The intent, Middleton says, is to “make it clear there are lines that cannot be crossed.” She gives three examples: a company that was using undocumented immigrant children, left to navigate their lives in the US without adult supervision, to work on the slaughterhouse floor; health insurers who engaged in particularly aggressive negotiating tactics and routinely under-staff their hospitals to pinch pennies; and a Southern California supermarket chain that reputedly has a pattern of turning a blind eye to the sexual harassment and physical intimidation of employees who are trying to organize into a trade union.

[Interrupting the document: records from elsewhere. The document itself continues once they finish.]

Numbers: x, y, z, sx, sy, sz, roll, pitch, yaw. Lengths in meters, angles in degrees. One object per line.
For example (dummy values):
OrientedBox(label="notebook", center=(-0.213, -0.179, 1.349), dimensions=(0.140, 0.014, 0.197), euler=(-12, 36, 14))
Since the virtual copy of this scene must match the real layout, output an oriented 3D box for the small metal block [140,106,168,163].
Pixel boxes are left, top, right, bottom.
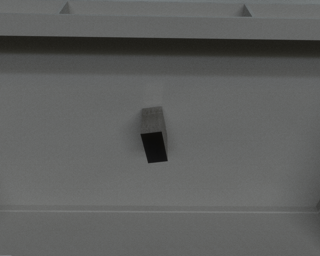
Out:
OrientedBox(label="small metal block", center=(-0.006, 0.009, 0.395), dimensions=(0.025, 0.050, 0.050), euler=(-7, 129, 6))

One hotel operator in Los Angeles reportedly used underage asylum seekers as strike breakers during the recent hotel strikes. CalPERS has apparently had private communications with the private equity company that owned the hotel operator, informing them that they were lowering the fund’s investment in the company as a result and that they might consider entirely ending their business relationship if labor conditions didn’t improve.
Current Issue
In the early years of this century, labor attorney Richard G. McCracken pioneered “Labor Peace” agreements, in which unions agree to take the possibility of strike action off the table in exchange for fair negotiations. Over the years, large numbers of cities, including New York and Los Angeles, have included Labor Peace language for many industries involving critical infrastructure. Such agreements, when they have been implemented, are a win-win for all parties. They reduce the likelihood that municipal assets such as airports will be affected by strikes and ensure continuity of operations for businesses.
LAX airport is probably the best example of a workplace with a Labor Peace agreement in place. Seventeen years ago, all but one of the companies doing business in the airport signed such deals, and in those years the only company to face a strike is the one that didn’t do so. At the same time, those companies, not having to worry about labor strife, have become safer investments. If you’re in charge of investing large pools of money for a pension fund, it’s the sort of situation that would likely have an appeal.
Middleton says that such agreements are “a really interesting idea.” But, she adds, the pension funds haven’t yet found a way to incorporate them easily and effectively into their investment strategy. She says she has asked CalPERS staff to look at the issue to see if they can find a way to make it work. “It’s certainly on my radar. I’ve raised the question, as have others,” she adds. She and her colleagues are hoping to find a way to set up a pilot program to see what can be done on this front.
“Those organizations that have the safest and most cooperative workplaces are one that over time will outperform financially organizations with negative workforce practices,” Middleton argues. “We want the free-market system to outperform what it has done in the past, and proper treatment of employees is integral to market performance.”